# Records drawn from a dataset

□ □ □ □ □ □ □

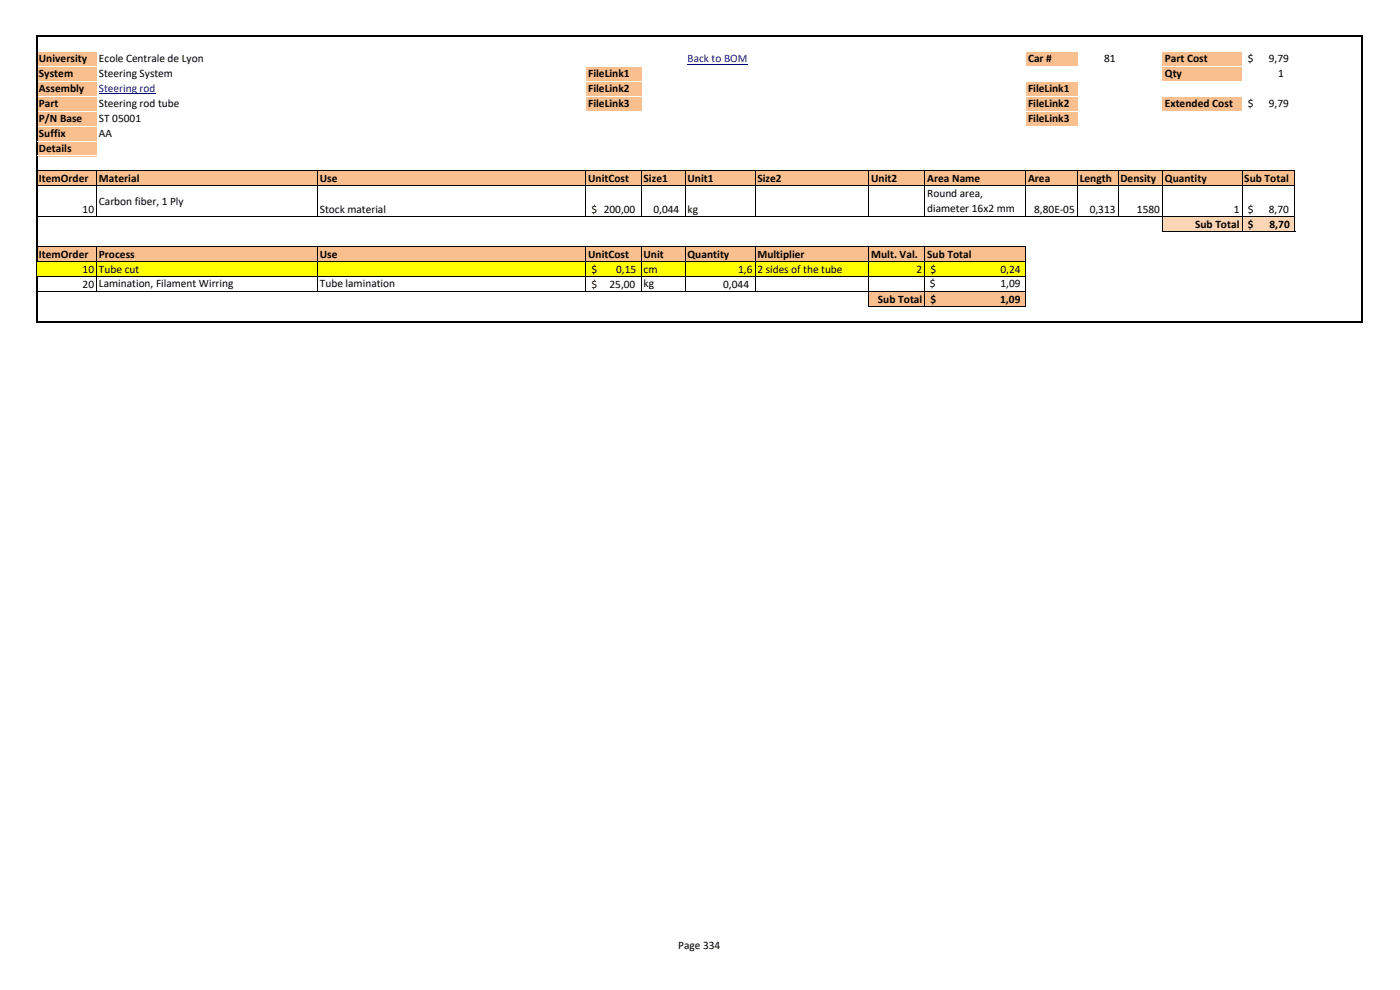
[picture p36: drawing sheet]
<svg xmlns="http://www.w3.org/2000/svg" width="297mm" height="210mm" viewBox="0 0 297 210" stroke-linecap="round" stroke-linejoin="round" font-family="sans-serif">
<defs><g id="words">
<g font-size="2.4">
<text x="8.3" y="13.3">University</text>
<text x="8.3" y="16.4">System</text>
<text x="21" y="13.3">Ecole Centrale de Lyon</text>
<text x="21" y="16.4">Steering System</text>
<text x="124.8" y="16.4">FileLink1</text>
<text x="218.1" y="13.3">Car #</text>
<text x="234.2" y="13.3">81</text>
<text x="247.1" y="13.3">Part Cost</text>
<text x="247.1" y="16.4">Qty</text>
<text x="264.7" y="13.3">$</text>
<text x="269.2" y="13.3">9,79</text>
<text x="271.2" y="16.4">1</text>
<text x="8.3" y="19.6">Assembly</text>
<text x="8.3" y="22.8">Part</text>
<text x="21" y="22.8">Steering rod tube</text>
<text x="124.8" y="19.6">FileLink2</text>
<text x="124.8" y="22.8">FileLink3</text>
<text x="218.1" y="19.6">FileLink1</text>
<text x="218.1" y="22.8">FileLink2</text>
<text x="247.1" y="22.8">Extended Cost</text>
<text x="264.7" y="22.8">$</text>
<text x="269.2" y="22.8">9,79</text>
<text x="8.3" y="26">P/N Base</text>
<text x="8.3" y="29.1">Suffix</text>
<text x="21" y="26">ST 05001</text>
<text x="21" y="29.1">AA</text>
<text x="218.1" y="26">FileLink3</text>
<text x="8.3" y="32.3">Details</text>
<text x="8.3" y="38.7">ItemOrder</text>
<text x="21" y="38.7">Material</text>
<text x="67.9" y="38.7">Use</text>
<text x="124.8" y="38.7">UnitCost</text>
<text x="136.5" y="38.7">Size1</text>
<text x="145.9" y="38.7">Unit1</text>
<text x="160.7" y="38.7">Size2</text>
<text x="184.8" y="38.7">Unit2</text>
<text x="196.7" y="38.7">Area Name</text>
<text x="196.7" y="41.9">Round area,</text>
<text x="218.1" y="38.7">Area</text>
<text x="229.1" y="38.7">Length</text>
<text x="237.7" y="38.7">Density</text>
<text x="247.1" y="38.7">Quantity</text>
<text x="264" y="38.7">Sub Total</text>
<text x="17.5" y="45.1">10</text>
<text x="21" y="43.5">Carbon fiber, 1 Ply</text>
<text x="67.9" y="45.1">Stock material</text>
<text x="125.5" y="45.1">$ 200,00</text>
<text x="138.6" y="45.1">0,044</text>
<text x="145.9" y="45.1">kg</text>
<text x="196.7" y="45">diameter 16x2 mm</text>
<text x="219.4" y="45.1">8,80E-05</text>
<text x="231.2" y="45.1">0,313</text>
<text x="241.2" y="45.1">1580</text>
<text x="261.7" y="45.1">1</text>
<text x="264.7" y="45.1">$</text>
<text x="269.2" y="45.1">8,70</text>
<text x="253.5" y="48.3">Sub Total</text>
<text x="264.7" y="48.3">$</text>
<text x="269.3" y="48.3">8,70</text>
<text x="8.3" y="54.7">ItemOrder</text>
<text x="17.5" y="57.8">10</text>
<text x="21" y="54.7">Process</text>
<text x="21" y="57.8">Tube cut</text>
<text x="67.9" y="54.7">Use</text>
<text x="124.8" y="54.7">UnitCost</text>
<text x="125.5" y="57.8">$</text>
<text x="130.7" y="57.8">0,15</text>
<text x="136.5" y="54.7">Unit</text>
<text x="136.5" y="57.8">cm</text>
<text x="145.9" y="54.7">Quantity</text>
<text x="156.6" y="57.8">1,6</text>
<text x="160.7" y="54.7">Multiplier</text>
<text x="160.7" y="57.8">2 sides of the tube</text>
<text x="184.8" y="54.7">Mult. Val.</text>
<text x="194.5" y="57.8">2</text>
<text x="196.7" y="54.7">Sub Total</text>
<text x="197.4" y="57.8">$</text>
<text x="212.2" y="57.8">0,24</text>
<text x="17.5" y="61">20</text>
<text x="21" y="60.9">Lamination, Filament Wirring</text>
<text x="67.9" y="60.9">Tube lamination</text>
<text x="125.5" y="61">$</text>
<text x="129.3" y="61">25,00</text>
<text x="136.5" y="60.9">kg</text>
<text x="153.4" y="61">0,044</text>
<text x="186.2" y="64.2">Sub Total</text>
<text x="197.3" y="60.9">$</text>
<text x="197.4" y="64.2">$</text>
<text x="212.2" y="64.2">1,09</text>
<text x="212.2" y="60.9">1,09</text>
<text x="143.9" y="201.3">Page 334</text>
</g>
<g font-size="2.4" fill="#00f">
<text x="145.9" y="13.3">Back to BOM</text>
<text x="21" y="19.6">Steering rod</text>
</g>
</g></defs>
<g fill="#fabf8f">
<path d="M7.9 10.8h12.6v3.3h-12.6z" fill-rule="evenodd"/>
<path d="M217.6 10.8h11v3.3h-11z" fill-rule="evenodd"/>
<path d="M246.6 10.8h16.9v3.3h-16.9z" fill-rule="evenodd"/>
<path d="M7.9 14h12.6v3.2h-12.6z" fill-rule="evenodd"/>
<path d="M124.3 14h11.8v3.2h-11.8z" fill-rule="evenodd"/>
<path d="M246.6 14h16.9v3.2h-16.9z" fill-rule="evenodd"/>
<path d="M7.9 17.2h12.6v6.4h-12.6z" fill-rule="evenodd"/>
<path d="M124.3 17.2h11.8v6.4h-11.8z" fill-rule="evenodd"/>
<path d="M217.6 17.2h11v6.4h-11z" fill-rule="evenodd"/>
<path d="M246.6 20.4h16.9v3.2h-16.9z" fill-rule="evenodd"/>
<path d="M7.9 23.5h12.6v3.3h-12.6z" fill-rule="evenodd"/>
<path d="M217.6 23.5h11v3.3h-11z" fill-rule="evenodd"/>
<path d="M7.9 26.7h12.6v6.4h-12.6z" fill-rule="evenodd"/>
<path d="M7.9 36.2h266.8v3.3h-266.8z" fill-rule="evenodd"/>
</g>
<path d="M246.6 45.9h28.1v3.2h-28.1z" fill-rule="evenodd" fill="#fcd5b4"/>
<path d="M7.9 52.2h209.7v3.3h-209.7z" fill-rule="evenodd" fill="#fabf8f"/>
<path d="M7.9 55.4h209.7v3.2h-209.7z" fill-rule="evenodd" fill="#ff0"/>
<path d="M184.3 61.8h33.3v3.2h-33.3z" fill-rule="evenodd" fill="#fabf8f"/>
<path d="M21 19.9h12M145.9 13.6h12.7" fill="none" stroke="#00f" stroke-width=".21"/>
<g fill="#fff">
<path d="M8 10.8h12.5v.2h-12.5z" fill-rule="evenodd"/>
<path d="M217.6 10.8h11v.2h-11z" fill-rule="evenodd"/>
<path d="M8 13.9h12.5v.2h-12.5z" fill-rule="evenodd"/>
<path d="M124.3 13.9h11.8v.2h-11.8z" fill-rule="evenodd"/>
<path d="M217.6 13.9h11v.2h-11z" fill-rule="evenodd"/>
<path d="M8 17.1h12.5v.2h-12.5z" fill-rule="evenodd"/>
<path d="M124.3 17.1h11.8v.2h-11.8z" fill-rule="evenodd"/>
<path d="M217.6 17.1h11v.2h-11z" fill-rule="evenodd"/>
<path d="M8 20.3h12.5v.2h-12.5z" fill-rule="evenodd"/>
<path d="M124.3 20.3h11.8v.2h-11.8z" fill-rule="evenodd"/>
<path d="M217.6 20.3h11v.2h-11z" fill-rule="evenodd"/>
<path d="M8 23.5h12.5v.2h-12.5z" fill-rule="evenodd"/>
<path d="M124.3 23.5h11.8v.2h-11.8z" fill-rule="evenodd"/>
<path d="M217.6 23.5h11v.2h-11z" fill-rule="evenodd"/>
<path d="M8 26.6h12.5v.2h-12.5z" fill-rule="evenodd"/>
</g>
<g fill="none" stroke="#000" stroke-width=".21">
<path d="M8 39.4h12.4M20.5 36.4v9.6M67.4 36.4v9.6M124.3 36.4v9.4M136.1 36.4v9.6M145.4 36.4v9.6M160.2 36.4v9.6M184.3 36.4v9.6M196.2 36.4v9.6M217.6 36.4v9.6M228.6 36.4v9.6M237.2 36.4v9.6"/>
<path d="M246.6 36.4v12.8M263.5 36.4v12.8M274.7 36.4v12.8M7.8 55.5v3M8 45.9h116.2M20.5 52.4v9.3M67.4 52.4v9.5M124.3 52.4v9.5M136.1 52.4v9.5M145.4 52.4v9.5M160.2 52.4v9.5M184.3 52.4v12.7"/>
<path d="M196.2 52.4v12.7M217.6 52.4v12.7M8 61.8h12.4"/>
</g>
<path d="M7.7 7.5v48M8 7.7h281.2M289 7.9v60.6M7.7 58.5v10" fill="none" stroke="#000" stroke-width=".42"/>
<g fill="#fff">
<path d="M246.6 10.8h16.9v.2h-16.9z" fill-rule="evenodd"/>
<path d="M246.6 13.9h16.9v.2h-16.9z" fill-rule="evenodd"/>
<path d="M246.6 17.1h16.9v.2h-16.9z" fill-rule="evenodd"/>
<path d="M246.6 20.3h16.9v.2h-16.9z" fill-rule="evenodd"/>
<path d="M246.6 23.5h16.9v.2h-16.9z" fill-rule="evenodd"/>
<path d="M217.6 26.6h11v.2h-11z" fill-rule="evenodd"/>
<path d="M8 29.8h12.5v.2h-12.5z" fill-rule="evenodd"/>
<path d="M8 33h12.5v.2h-12.5z" fill-rule="evenodd"/>
</g>
<path d="M8 36.3h266.8M20.6 39.4h254M8 52.3h209.7M8 55.4h209.7M8 58.6h209.7M124.2 45.9h150.4M246.8 49.1h28M20.4 61.8h197.3M184.4 65h33.3" fill="none" stroke="#000" stroke-width=".21"/>
<path d="M8 68.3h281.2" fill="none" stroke="#000" stroke-width=".42"/>
<use href="#words"/>
</svg>

□ □ □ □ □ □ □

# GOAL OF THE EXERCISE
Filter the records above and copy every line that contains the word "font".

# TASK ANSWER
<svg xmlns="http://www.w3.org/2000/svg" width="297mm" height="210mm" viewBox="0 0 297 210" stroke-linecap="round" stroke-linejoin="round" font-family="sans-serif">
<g font-size="2.4">
<g font-size="2.4" fill="#00f">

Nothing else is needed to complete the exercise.